Inner nodes are further divided into two types. Last level inner nodes contain key-pointer pairs that point to leaf nodes just like normal B+Tree nodes. Other inner nodes, on the other hand, only contain keys but not pointers. Assuming that a last level inner node contains m keys and (m + 1) pointers, and that both keys and pointers are 8-bytes (the most common configuration used for in-memory indexing), an inner node can contain up to (2m + 1) keys, which utilizes node storage more efficiently. To aid finding the next level node without using an explicit pointer, the paper proposes that all inner nodes on the same level be allocated as a single chunk of memory. The number of nodes in the chunk is determined by the number of nodes in the previous level and the fan-out of the tree. For example, assuming that the previous level has N nodes, and the fan-out of inner levels are (2m + 1), the next level memory chunk must have (N * (2m + 1)) nodes in order to assign a child node to each element in the most extreme case. Note: What I don’t get is that if inner level nodes have (2m + 1) keys, then the fan-out should be (2m + 2)? In the paper the equation says (2m + 1). During tree traversal, if the thread has found its path using the j-th key in node i of the current level, then the implicit next level node ID is calculated as ((2m + 1) * i + j + 1), given that the first key implicitly maps to the second child node (this is where j + 1 comes from). The offset of the node within the chunk can then be calculated using the base address and the node size. The last level inner node contains both keys and pointers to the leaf nodes, which is searched like a normal B+Tree node.

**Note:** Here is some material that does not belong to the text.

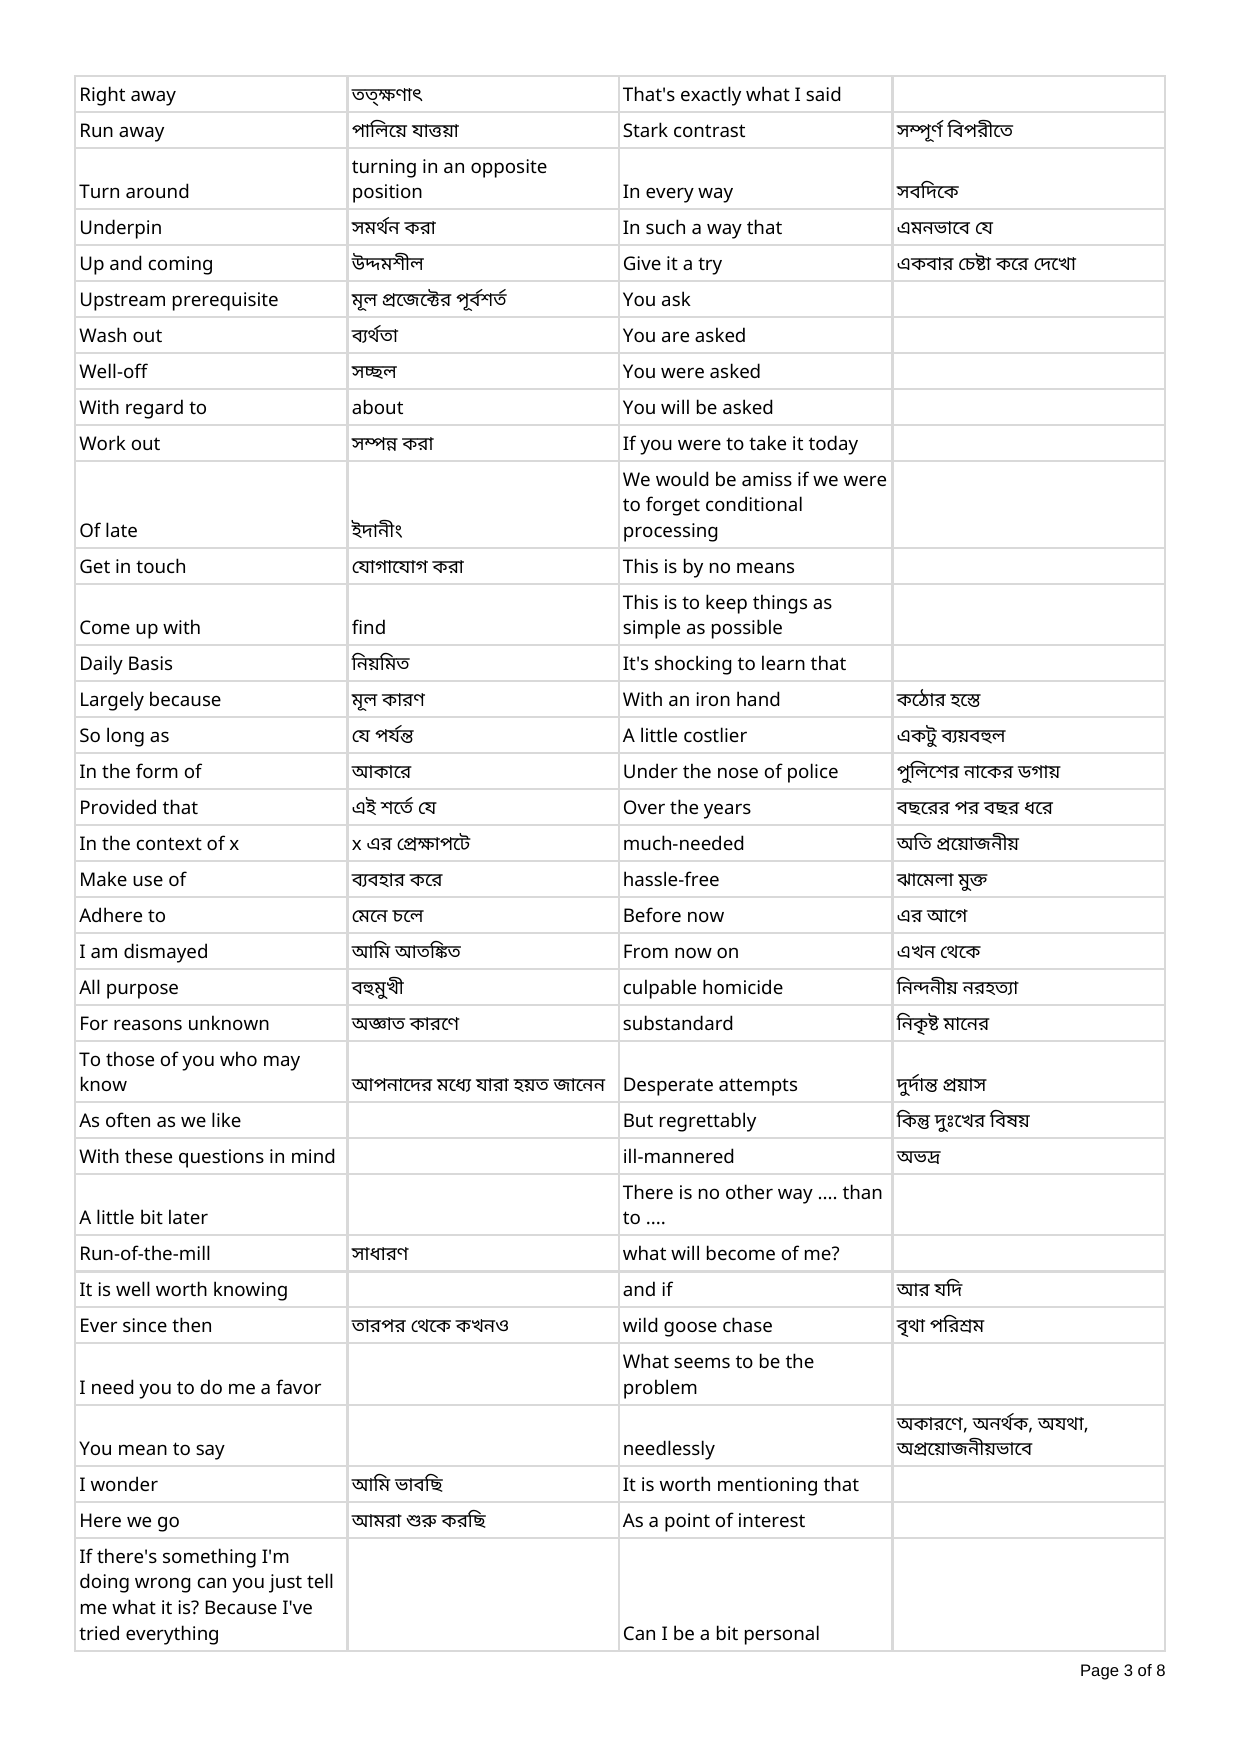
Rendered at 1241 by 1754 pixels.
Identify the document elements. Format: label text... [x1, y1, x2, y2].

When an inner node becomes full, NV-Tree must rebuild the entire inner node hierarchy as described below. If a leaf node split would like to insert a new key-pointer pair into the last level inner node, but the parent node is empty, the rebuild process will be triggered. The rebuild process allocates a larger chunk of memory such that each node in the chunk has only one element from the previous chunk, in order to amortize this expensive rebuils operation over as many inserts as possible. New entries are inserted into the upper level to match the new layout of nodes. This rebuild process is performed recursively if upper levels also need a split, which will eventually propagate to the root node, in which case a new node is allocated. The pointer to the root node is part of the tree metadata, which will be used as the starting point of the traversal.

To reduce the overhead of rebuilding the tree every time it is loaded, the paper suggests that inner levels should be written back to the NVDIMM on a normal shutdown. The root pointer should also be written back before a shutdown notice is written and flushed. If this shutdown notice is not found, inner levels are assumed to be corrupted, and will be rebuilt from the scratch using the leaf node chain stored on NVDIMM.